There was a Bee-kinden wing, where artefacts from the city of Vesserett were on display: their graceful yet functional carving, their elegant illustrated scrolls, all the trappings of their emergent power from the days in which they had been the nascent Empire’s first challenge. There was a hall of Grasshopper-kinden art from Sa, where slave musicians would play on certain days. There was a cellar tricked out to look like a Mole Cricket-kinden dwelling from Delve. There were three halls devoted to the Commonweal, one lined with the swords and armour of two score Dragonfly nobles, all of it recovered during the war, and many displaying the damage that had done for their original owners. The Wasp-kinden strolled through these rooms and learned a little about those far-flung cultures, those disparate peoples, but most of all they learned how they were superior because these things were all the spoils of conquest. It was the same lesson as taught by the deaths of foreign combatants in the arena, but more lasting.

The Empress herself had made her fondness for this establishment widely known, and the Beetle-kinden Consortium family who were behind it had been richly rewarded. It was well known, indeed, that after dark, when the museum was locked up, she would use its empty halls to speak to those who had particularly attracted her notice. It was, everyone knew, a sign of great favour.

Her companion tonight was one Major Karrec, a man of good family and good standing in the Consortium. As she paced the length of the Commonweal hall, the vacant helms of fallen nobles regarding her gravely from either side, he regaled her with stories of his war exploits and his cleverness in the face of the enemy. He was a man of middle height, running slightly to fat from a life far from rigorous, but there was a spark about him, she thought. As there should be.

Behind the two of them, a pair of her Mantis-kinden bodyguards paced silently, the metal claws of their gauntlets folded back.

He smiled at her, did Karrec, and walked closer than was appropriate, and she realized that he was crossing that old familiar line, as she thought he might. As the Empress, on high, she was only female in the abstract, but if she allowed her underlings any familiarity, then some of them would begin to treat her as women had always been treated in the Empire: as something to be possessed and controlled.

As they reached the end of the hall, Karrec stopped and stared. He had been discoursing on some of the suits of mail, obviously familiar with the exhibits, but now he frowned. ‘Your Imperial Majesty, forgive me. I don’t recall a hall beyond this one.’

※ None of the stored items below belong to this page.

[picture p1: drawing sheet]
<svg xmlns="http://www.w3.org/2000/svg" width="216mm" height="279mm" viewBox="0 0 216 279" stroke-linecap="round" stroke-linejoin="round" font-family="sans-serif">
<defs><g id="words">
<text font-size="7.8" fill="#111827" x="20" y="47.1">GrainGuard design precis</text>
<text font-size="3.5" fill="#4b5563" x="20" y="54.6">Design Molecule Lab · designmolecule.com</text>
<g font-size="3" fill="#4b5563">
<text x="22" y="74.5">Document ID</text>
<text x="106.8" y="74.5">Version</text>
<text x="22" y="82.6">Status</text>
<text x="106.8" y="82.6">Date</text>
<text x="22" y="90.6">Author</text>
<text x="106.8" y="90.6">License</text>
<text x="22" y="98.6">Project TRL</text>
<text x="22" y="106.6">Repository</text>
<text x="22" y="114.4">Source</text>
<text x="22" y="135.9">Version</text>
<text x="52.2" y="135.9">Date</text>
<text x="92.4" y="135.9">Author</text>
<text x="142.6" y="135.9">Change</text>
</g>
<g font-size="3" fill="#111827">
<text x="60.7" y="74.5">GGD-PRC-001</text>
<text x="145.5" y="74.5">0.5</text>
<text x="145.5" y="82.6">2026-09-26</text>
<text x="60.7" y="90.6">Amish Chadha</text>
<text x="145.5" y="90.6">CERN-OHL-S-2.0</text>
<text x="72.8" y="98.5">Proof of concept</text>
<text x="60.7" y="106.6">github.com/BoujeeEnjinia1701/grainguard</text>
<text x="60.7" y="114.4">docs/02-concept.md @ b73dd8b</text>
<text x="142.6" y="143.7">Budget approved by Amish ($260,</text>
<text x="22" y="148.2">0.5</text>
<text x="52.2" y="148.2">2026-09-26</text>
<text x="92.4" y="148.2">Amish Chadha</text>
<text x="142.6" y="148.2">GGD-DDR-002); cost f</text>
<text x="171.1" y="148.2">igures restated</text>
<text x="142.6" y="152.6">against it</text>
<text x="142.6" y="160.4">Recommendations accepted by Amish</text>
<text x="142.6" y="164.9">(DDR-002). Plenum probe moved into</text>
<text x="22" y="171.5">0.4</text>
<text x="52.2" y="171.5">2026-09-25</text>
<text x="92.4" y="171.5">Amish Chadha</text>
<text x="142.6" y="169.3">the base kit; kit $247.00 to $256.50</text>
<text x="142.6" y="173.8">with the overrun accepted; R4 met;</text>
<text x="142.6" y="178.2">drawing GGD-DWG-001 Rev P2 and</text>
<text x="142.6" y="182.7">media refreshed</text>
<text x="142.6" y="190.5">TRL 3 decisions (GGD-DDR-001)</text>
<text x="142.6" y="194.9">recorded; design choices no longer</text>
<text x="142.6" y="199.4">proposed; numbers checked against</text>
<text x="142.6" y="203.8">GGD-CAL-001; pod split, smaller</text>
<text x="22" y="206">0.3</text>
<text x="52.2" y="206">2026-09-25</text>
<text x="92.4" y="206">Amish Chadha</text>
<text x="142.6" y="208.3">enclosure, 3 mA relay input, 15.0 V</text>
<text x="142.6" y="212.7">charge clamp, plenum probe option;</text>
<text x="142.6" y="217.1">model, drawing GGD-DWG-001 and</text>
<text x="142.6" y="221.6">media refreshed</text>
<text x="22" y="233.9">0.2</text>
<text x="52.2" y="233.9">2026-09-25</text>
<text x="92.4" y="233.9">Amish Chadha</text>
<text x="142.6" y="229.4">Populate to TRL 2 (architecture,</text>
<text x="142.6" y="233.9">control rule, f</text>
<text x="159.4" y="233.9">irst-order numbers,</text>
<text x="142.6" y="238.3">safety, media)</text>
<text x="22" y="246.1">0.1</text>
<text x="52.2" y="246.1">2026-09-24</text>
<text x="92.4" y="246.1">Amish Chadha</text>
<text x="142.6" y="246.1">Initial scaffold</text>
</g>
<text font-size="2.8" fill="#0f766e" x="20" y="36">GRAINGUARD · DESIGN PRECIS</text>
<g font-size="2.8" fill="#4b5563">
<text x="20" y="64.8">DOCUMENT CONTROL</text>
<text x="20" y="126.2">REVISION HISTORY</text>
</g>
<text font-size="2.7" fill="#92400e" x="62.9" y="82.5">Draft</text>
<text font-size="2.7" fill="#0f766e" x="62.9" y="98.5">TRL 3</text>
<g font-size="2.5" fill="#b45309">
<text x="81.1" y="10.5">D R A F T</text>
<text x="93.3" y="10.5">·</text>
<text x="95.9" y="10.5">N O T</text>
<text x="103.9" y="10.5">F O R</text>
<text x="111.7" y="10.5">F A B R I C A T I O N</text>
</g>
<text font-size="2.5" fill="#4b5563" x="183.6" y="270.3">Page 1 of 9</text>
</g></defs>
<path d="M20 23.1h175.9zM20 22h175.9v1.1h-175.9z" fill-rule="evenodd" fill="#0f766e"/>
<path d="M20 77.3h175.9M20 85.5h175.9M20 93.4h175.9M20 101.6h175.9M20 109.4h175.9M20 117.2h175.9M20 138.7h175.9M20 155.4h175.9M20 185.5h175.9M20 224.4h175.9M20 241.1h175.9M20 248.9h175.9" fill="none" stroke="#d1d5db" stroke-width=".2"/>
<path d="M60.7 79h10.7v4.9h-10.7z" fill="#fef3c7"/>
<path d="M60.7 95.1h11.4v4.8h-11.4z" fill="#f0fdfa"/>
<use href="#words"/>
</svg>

‘It is not for public viewing yet, Major,’ she said sweetly. ‘However, I have asked our curators to open it tonight, just for us.’

He was encouraged by that, she saw, and she wondered just how deluded he might be about his prospects. Still, it was all to her advantage, so she let him dream while he could.

The chamber beyond was small compared with the museum’s other halls, a simple box of a room that seemed as though it had been left to moulder for decades, until the walls had grown a patina of mould and lichen, the plaster decaying and falling away to turn the smooth surfaces into a maze of canyons and eroded topography, all of it made to shiver and move under the light of two ensconced torches. Karrec was not quite so oblivious as to take that sight in his stride, and he hesitated in the doorway, until she turned back and smiled at him.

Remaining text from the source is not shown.